What you need to do => The lines you return should be those containing the string "supply", taken from the data below.

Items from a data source
►

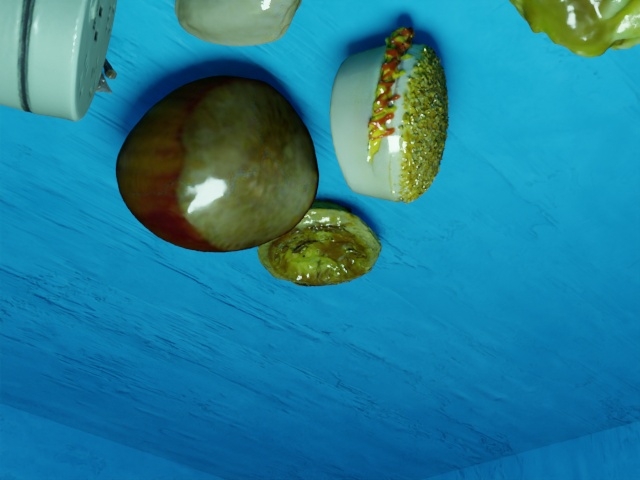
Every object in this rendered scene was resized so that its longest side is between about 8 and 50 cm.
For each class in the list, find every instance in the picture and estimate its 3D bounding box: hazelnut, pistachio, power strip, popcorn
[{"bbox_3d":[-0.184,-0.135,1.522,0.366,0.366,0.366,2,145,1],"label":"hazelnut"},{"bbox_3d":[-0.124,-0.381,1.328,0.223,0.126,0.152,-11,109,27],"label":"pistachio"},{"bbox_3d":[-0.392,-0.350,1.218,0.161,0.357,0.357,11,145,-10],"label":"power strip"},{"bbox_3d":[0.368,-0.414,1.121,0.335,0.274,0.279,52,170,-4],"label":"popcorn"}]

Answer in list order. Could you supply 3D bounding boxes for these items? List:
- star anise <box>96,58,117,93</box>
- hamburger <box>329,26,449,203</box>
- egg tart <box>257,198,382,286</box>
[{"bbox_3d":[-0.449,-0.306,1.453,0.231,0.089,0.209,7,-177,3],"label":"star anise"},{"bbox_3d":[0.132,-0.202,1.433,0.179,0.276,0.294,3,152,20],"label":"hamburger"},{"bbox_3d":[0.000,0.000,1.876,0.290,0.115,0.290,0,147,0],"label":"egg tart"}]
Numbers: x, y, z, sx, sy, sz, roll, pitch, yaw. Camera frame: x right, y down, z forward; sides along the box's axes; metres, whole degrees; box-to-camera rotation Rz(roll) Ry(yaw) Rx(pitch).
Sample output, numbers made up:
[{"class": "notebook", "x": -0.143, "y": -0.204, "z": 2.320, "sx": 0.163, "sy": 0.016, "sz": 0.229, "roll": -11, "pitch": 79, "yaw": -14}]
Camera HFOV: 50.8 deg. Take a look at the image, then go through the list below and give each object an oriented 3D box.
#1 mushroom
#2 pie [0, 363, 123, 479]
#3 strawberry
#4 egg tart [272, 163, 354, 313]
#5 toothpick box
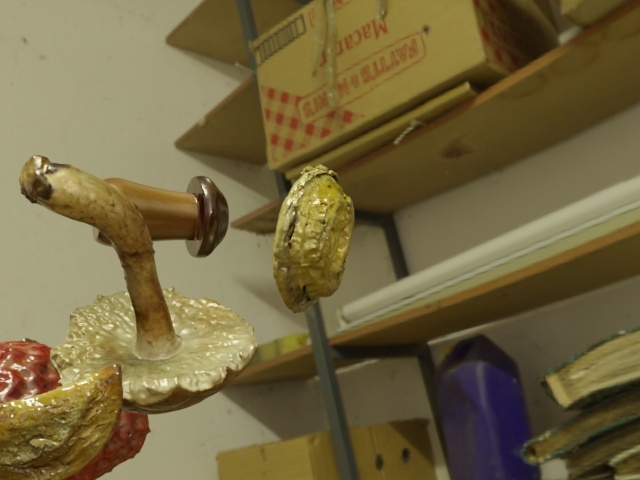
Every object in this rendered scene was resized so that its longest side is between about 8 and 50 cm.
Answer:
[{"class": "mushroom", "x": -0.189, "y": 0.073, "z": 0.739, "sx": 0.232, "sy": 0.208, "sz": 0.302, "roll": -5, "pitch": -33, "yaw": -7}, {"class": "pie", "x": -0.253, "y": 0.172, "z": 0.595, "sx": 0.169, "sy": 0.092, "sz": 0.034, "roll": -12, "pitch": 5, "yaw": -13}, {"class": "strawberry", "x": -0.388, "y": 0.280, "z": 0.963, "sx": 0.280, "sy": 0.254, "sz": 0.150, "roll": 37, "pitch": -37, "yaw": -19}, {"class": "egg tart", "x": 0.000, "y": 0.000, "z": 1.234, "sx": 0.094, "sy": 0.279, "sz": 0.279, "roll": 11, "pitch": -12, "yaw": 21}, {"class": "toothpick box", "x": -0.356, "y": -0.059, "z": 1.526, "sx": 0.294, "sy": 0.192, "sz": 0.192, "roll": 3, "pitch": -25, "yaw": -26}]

◄
►

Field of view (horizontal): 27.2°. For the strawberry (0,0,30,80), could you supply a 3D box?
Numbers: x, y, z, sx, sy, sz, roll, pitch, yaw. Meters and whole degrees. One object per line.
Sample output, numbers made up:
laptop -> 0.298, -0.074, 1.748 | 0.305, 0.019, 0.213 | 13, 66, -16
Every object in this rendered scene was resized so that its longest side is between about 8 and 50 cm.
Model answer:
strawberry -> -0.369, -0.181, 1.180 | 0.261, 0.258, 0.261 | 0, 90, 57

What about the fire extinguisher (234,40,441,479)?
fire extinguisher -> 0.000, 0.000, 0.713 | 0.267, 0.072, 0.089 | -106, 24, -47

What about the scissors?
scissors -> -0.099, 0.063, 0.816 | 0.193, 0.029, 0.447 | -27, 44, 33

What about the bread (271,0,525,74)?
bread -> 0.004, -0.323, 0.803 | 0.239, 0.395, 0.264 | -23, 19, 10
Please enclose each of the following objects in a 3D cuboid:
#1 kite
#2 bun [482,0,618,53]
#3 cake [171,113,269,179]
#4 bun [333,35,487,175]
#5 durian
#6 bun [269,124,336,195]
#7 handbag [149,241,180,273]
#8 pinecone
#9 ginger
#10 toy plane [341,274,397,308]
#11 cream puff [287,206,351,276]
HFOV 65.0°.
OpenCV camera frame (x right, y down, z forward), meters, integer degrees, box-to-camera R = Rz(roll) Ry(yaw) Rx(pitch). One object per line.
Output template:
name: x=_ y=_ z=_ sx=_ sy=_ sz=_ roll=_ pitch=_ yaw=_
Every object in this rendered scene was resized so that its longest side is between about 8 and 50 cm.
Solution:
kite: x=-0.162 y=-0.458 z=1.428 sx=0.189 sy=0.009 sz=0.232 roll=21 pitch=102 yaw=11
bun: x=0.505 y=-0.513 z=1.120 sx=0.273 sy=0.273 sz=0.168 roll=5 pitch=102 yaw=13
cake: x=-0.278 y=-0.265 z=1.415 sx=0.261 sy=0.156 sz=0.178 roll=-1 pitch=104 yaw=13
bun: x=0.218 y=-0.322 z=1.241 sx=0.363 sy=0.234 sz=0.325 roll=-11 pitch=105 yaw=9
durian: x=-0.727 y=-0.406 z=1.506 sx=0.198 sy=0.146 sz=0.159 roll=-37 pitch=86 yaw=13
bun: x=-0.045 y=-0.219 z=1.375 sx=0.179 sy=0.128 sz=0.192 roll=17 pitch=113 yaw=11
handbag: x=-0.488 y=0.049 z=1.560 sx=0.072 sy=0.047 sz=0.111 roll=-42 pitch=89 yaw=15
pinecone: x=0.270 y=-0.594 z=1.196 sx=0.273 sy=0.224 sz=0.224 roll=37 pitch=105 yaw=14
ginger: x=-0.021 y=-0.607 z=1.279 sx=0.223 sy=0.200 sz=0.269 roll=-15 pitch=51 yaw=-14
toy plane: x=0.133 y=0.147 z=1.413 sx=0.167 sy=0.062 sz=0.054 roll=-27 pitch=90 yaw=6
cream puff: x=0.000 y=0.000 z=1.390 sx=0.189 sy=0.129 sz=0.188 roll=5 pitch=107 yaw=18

◄

Written answer =>
Answer in list order. Could you supply 3D bounding boxes for these items? List:
Field of view (horizontal): 27.2°. For the strawberry (0,0,30,80), could you supply a 3D box?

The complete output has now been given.